▶

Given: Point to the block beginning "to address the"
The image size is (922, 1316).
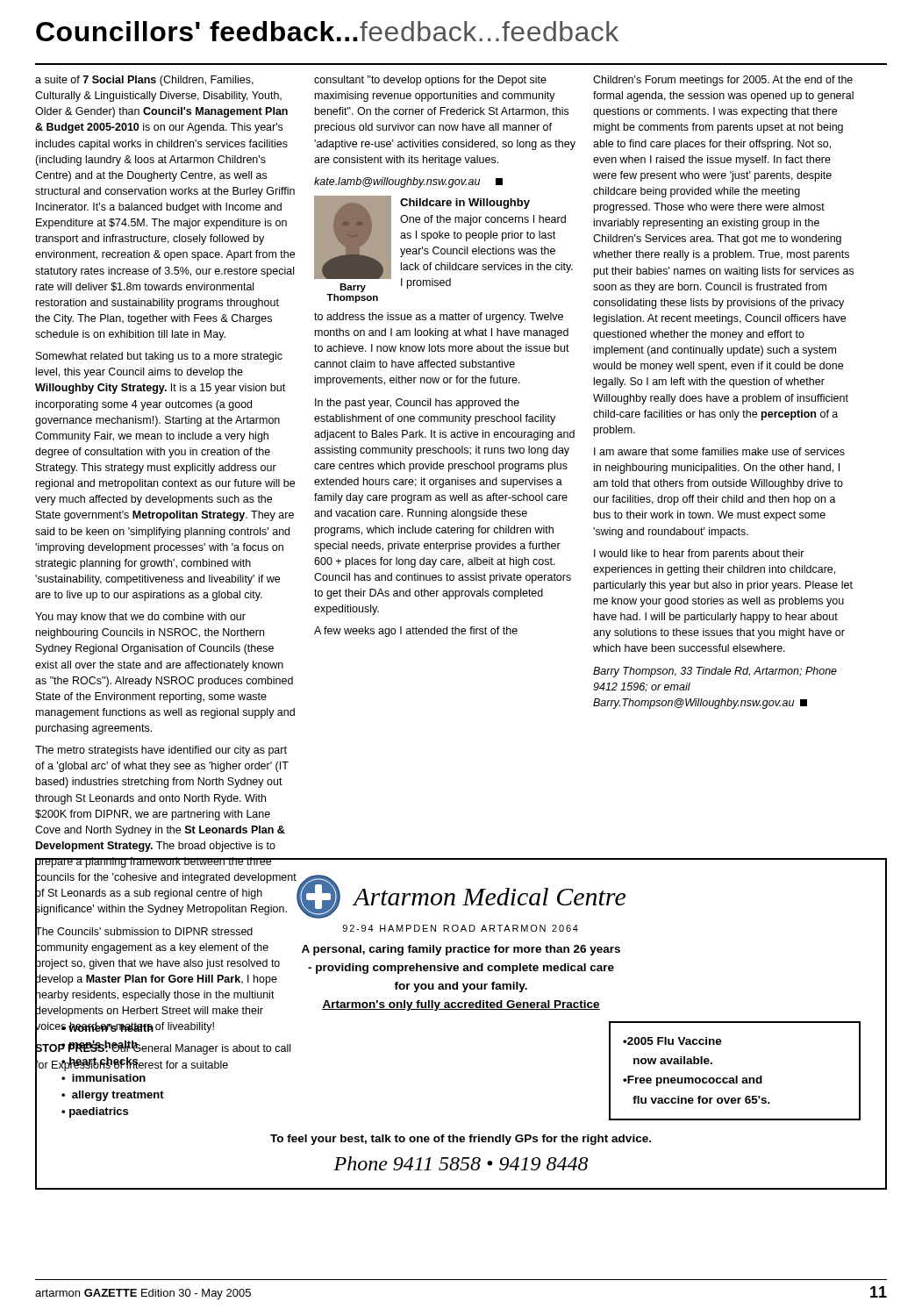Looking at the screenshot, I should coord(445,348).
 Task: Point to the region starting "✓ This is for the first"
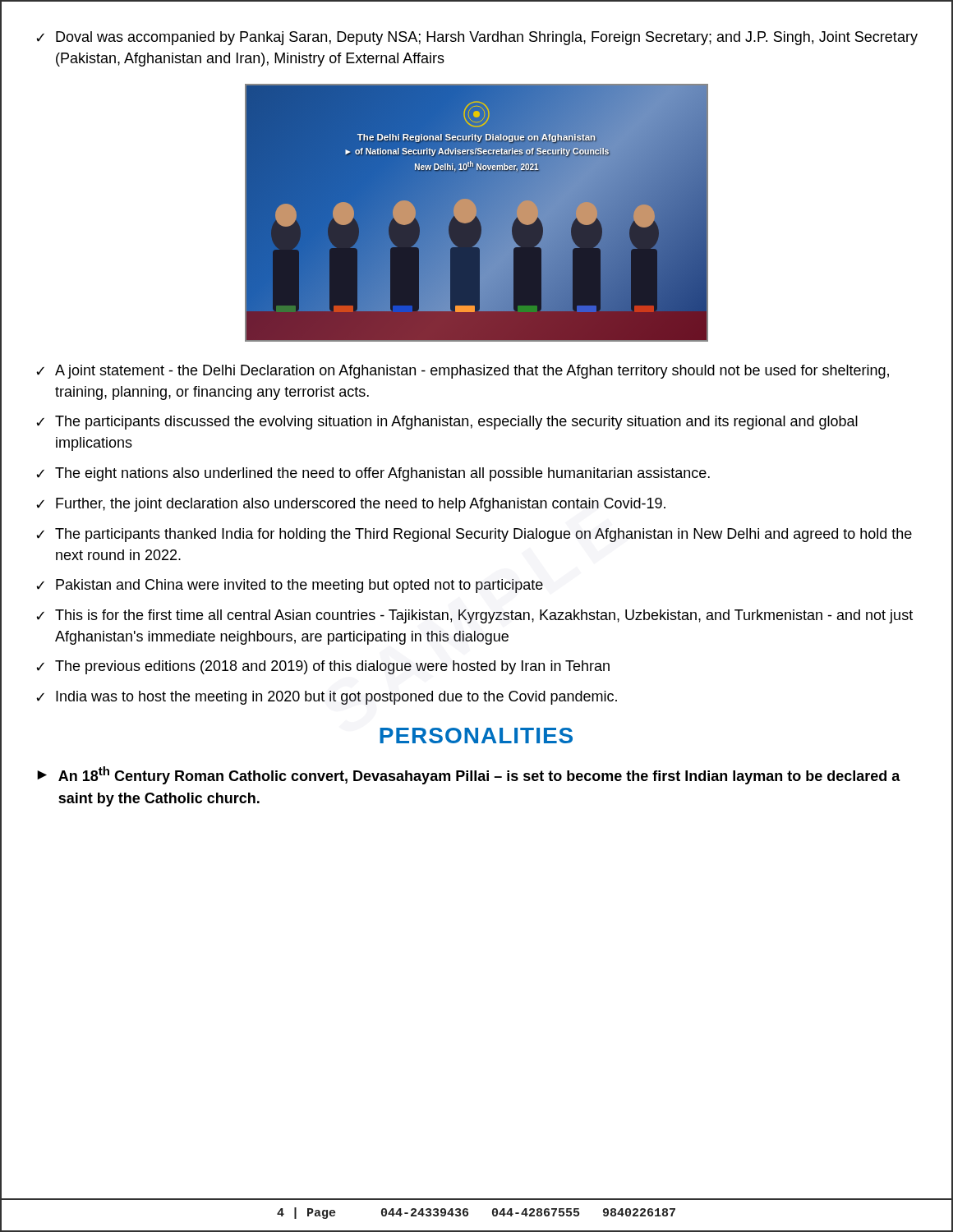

◀
▶

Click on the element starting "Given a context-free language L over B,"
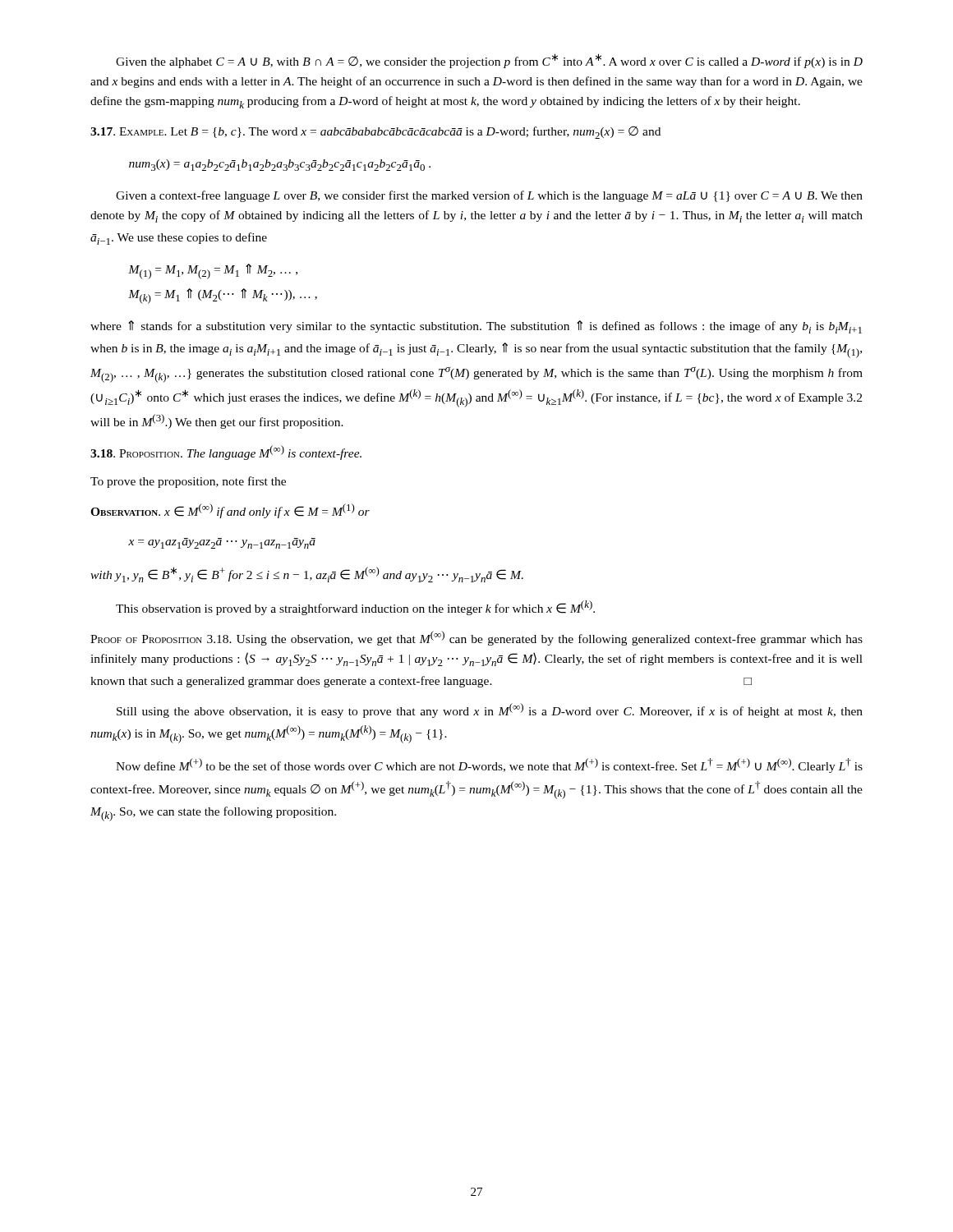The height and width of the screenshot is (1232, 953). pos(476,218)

◀

**WORK INSTRUCTION**
In the records above, find each line that mentions the string "Point", then copy it.

**ANSWER AREA**
Given: Point to the block beginning "to address the"
 Task: Point to the region starting "✓ This is for the first"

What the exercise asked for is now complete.